What kind of soap washes out shame, bad decisions, and whiskey?
Irish Spring?
I love college. Only here at ten in the morning can you hear "Man, hot sauce on my pussy was my worst idea in a long time." while walking down the hall.
Girl farted next to me in class and then denied my high five
I'm going on a nature/throwup walk. Don't lock me out of the apartment.
Restaurants Roasting People Who Gave Them Negative Yelp Reviews (25 Pics)
he went to have surgery in the morning and apparently they found lip gloss on his dick
I was masturbating in my bed this morning when my ipod alarm went off and it started playing "show me the meaning of being lonely"
Nope. Daytime is texting time. Night time is you send me naked pictures time.
You would be too ashamed to ever love me again if you saw the filth I just created.
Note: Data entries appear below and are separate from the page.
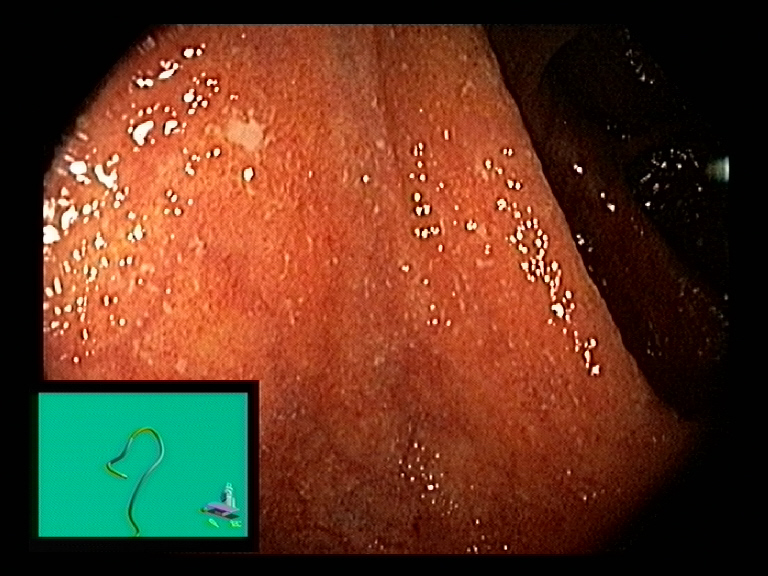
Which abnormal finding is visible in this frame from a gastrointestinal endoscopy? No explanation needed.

mucosal inflammation of the large bowel
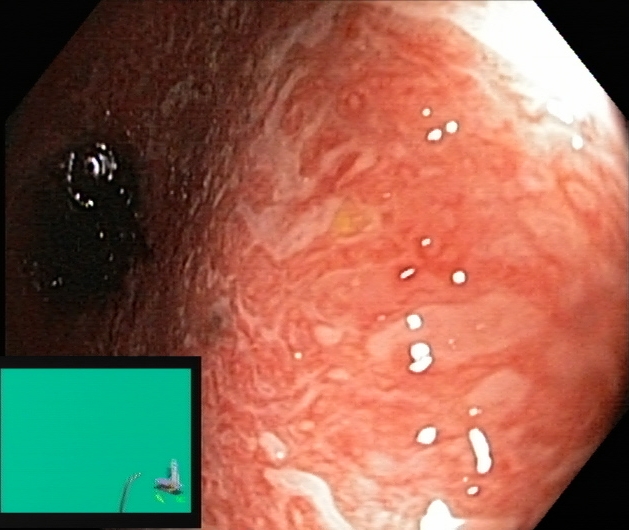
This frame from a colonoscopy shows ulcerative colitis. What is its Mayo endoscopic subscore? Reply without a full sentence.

ulcerative colitis, Mayo endoscopic subscore 2
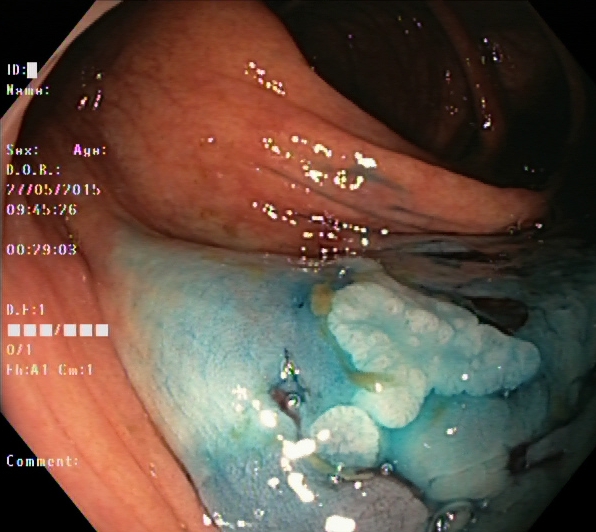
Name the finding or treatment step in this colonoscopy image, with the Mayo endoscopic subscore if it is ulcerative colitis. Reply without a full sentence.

dyed and lifted polyp (pre-resection)
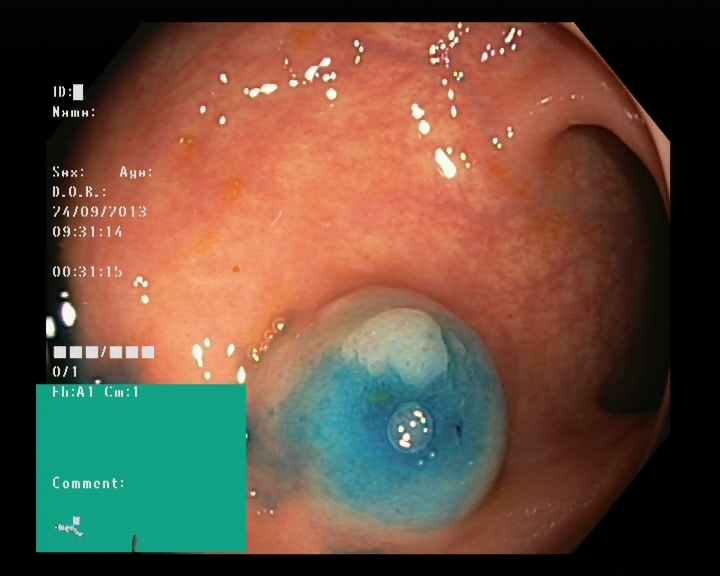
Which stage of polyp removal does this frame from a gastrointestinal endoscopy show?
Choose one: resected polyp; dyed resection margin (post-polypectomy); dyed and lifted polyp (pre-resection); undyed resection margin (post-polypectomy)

dyed and lifted polyp (pre-resection)
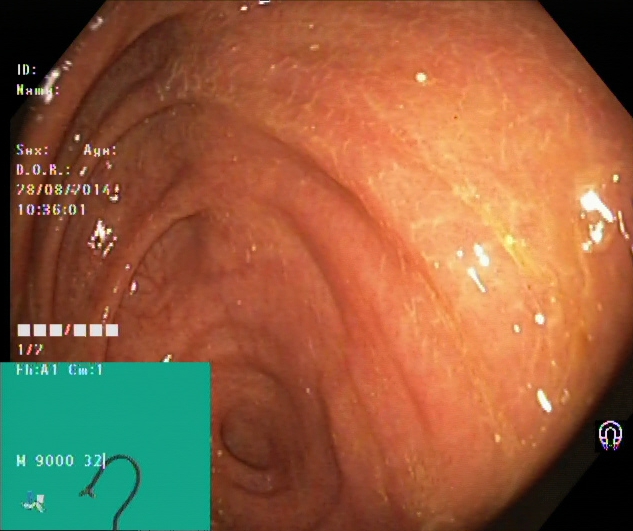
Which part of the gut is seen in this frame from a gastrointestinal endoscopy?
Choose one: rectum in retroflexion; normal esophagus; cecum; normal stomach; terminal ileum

cecum

It brings unspeakable dishonor to the nacho dynasty. Like I raped the king's daughter, cut off her hands and made him eat them that's how hard I fucked up nachos.
I'm not a home wrecker but if one more married man with a yacht asks me to go scuba diving I'm NOT saying no
Woman Posts Harassing DMs From Creep Online, Now He’s Upset Because People Told His Mom
Oh my god. A memory of last night just came to me. One of our neighbors joked about Thomas having a big dick and I just kept shaking my head profusely.
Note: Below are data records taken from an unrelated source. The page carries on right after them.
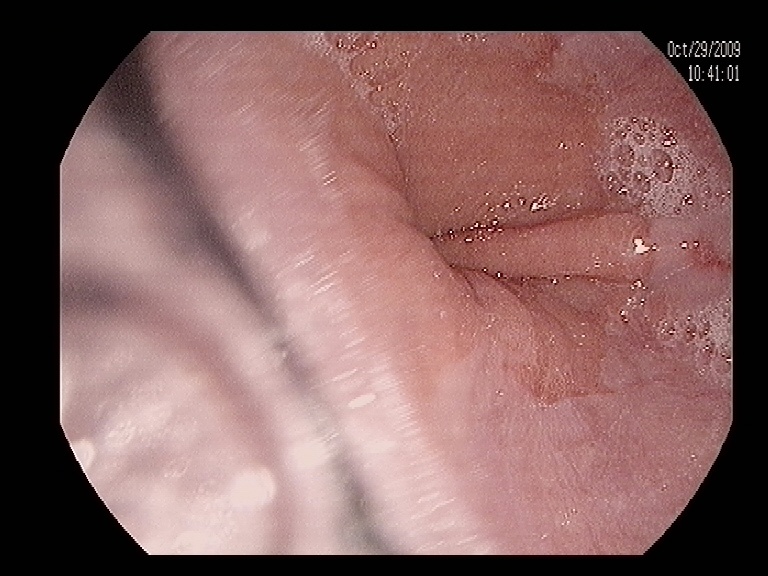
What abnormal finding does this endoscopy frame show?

esophagitis
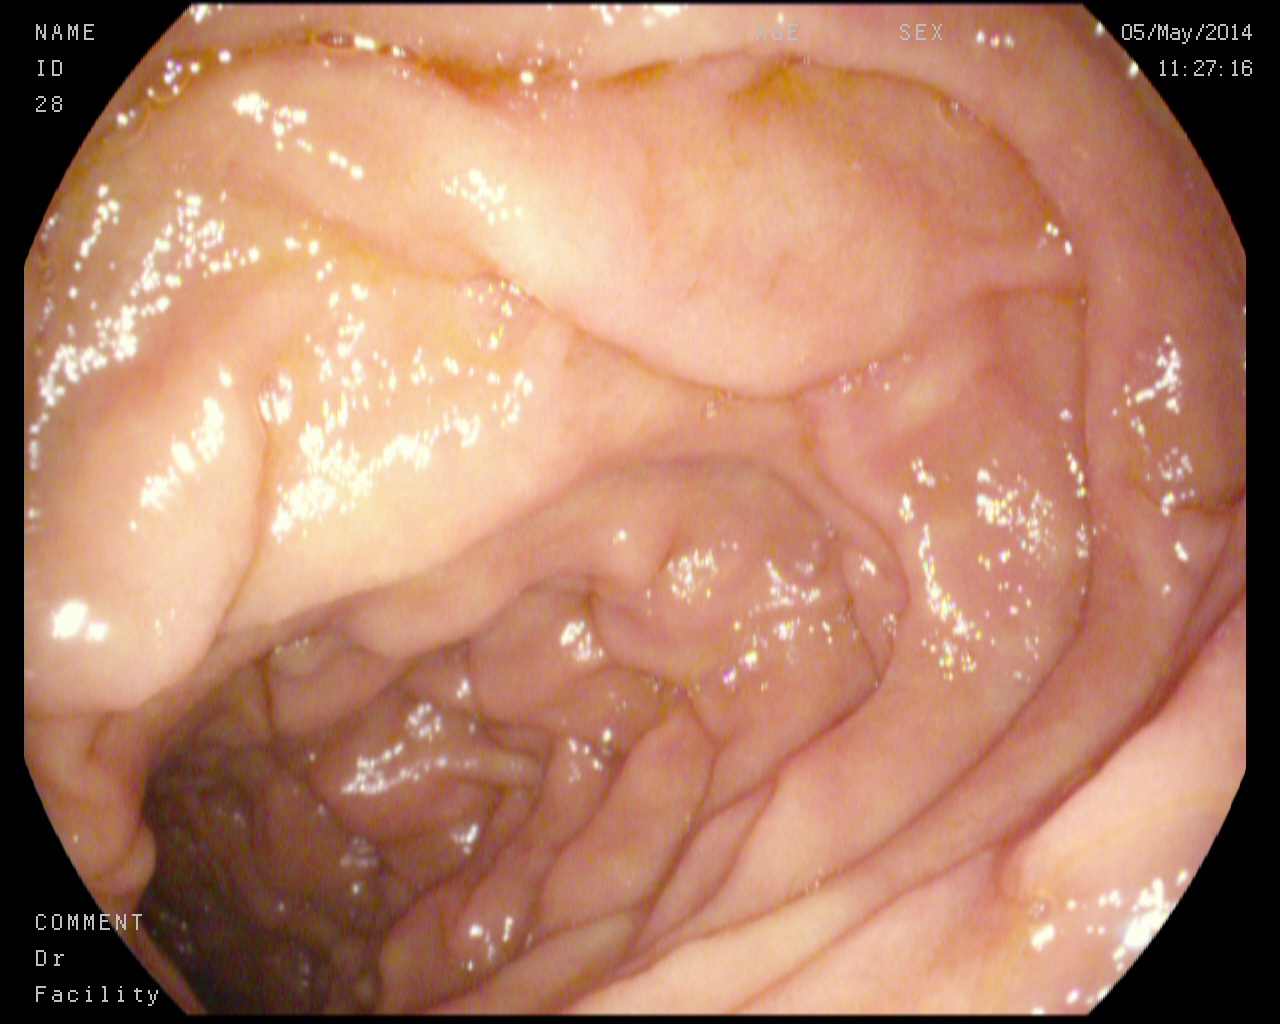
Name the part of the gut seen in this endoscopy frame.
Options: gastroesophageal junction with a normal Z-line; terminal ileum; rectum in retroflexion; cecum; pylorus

terminal ileum
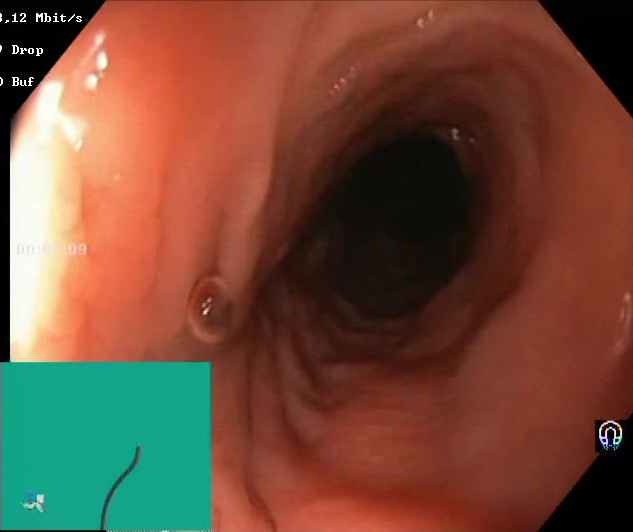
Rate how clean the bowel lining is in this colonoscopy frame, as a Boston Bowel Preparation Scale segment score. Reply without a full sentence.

Boston Bowel Preparation Scale score 2–3 (adequate preparation)
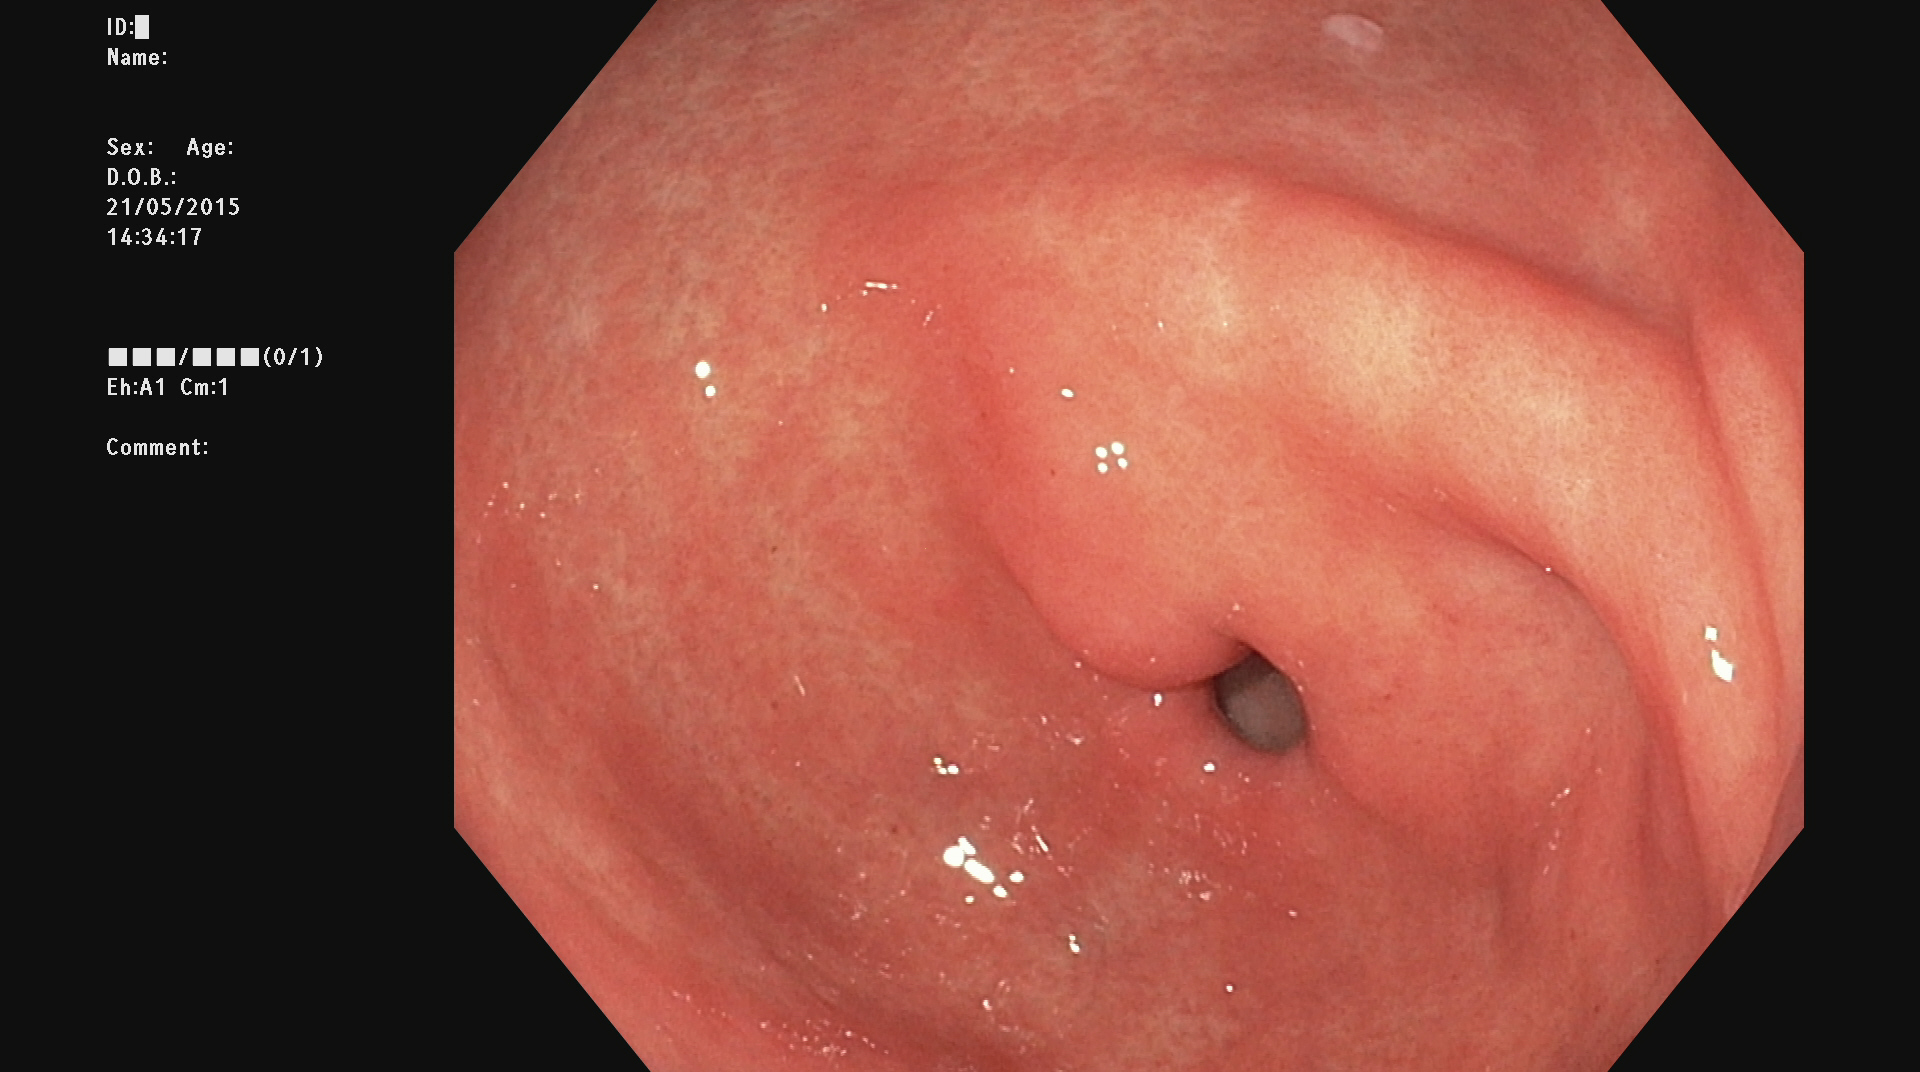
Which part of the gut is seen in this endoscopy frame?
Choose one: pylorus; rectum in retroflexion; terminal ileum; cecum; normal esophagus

pylorus

Also, there's a guy walking around the kitchen in a shark onzie, and he just asked if we've ever smoked weed with a shark before. I'm dying
I just turned down the best booty call of my life because I have to make a cheesecake. I guess this is growing up.
If you can't trust the person at the taco cabana drive thru, who can you trust?!
Hey. I hope you have enough room in your car for me and a Honda civic front bumper.
fyi: first time in five days i havent washed my birth control down with liquor. when are we going out tonight?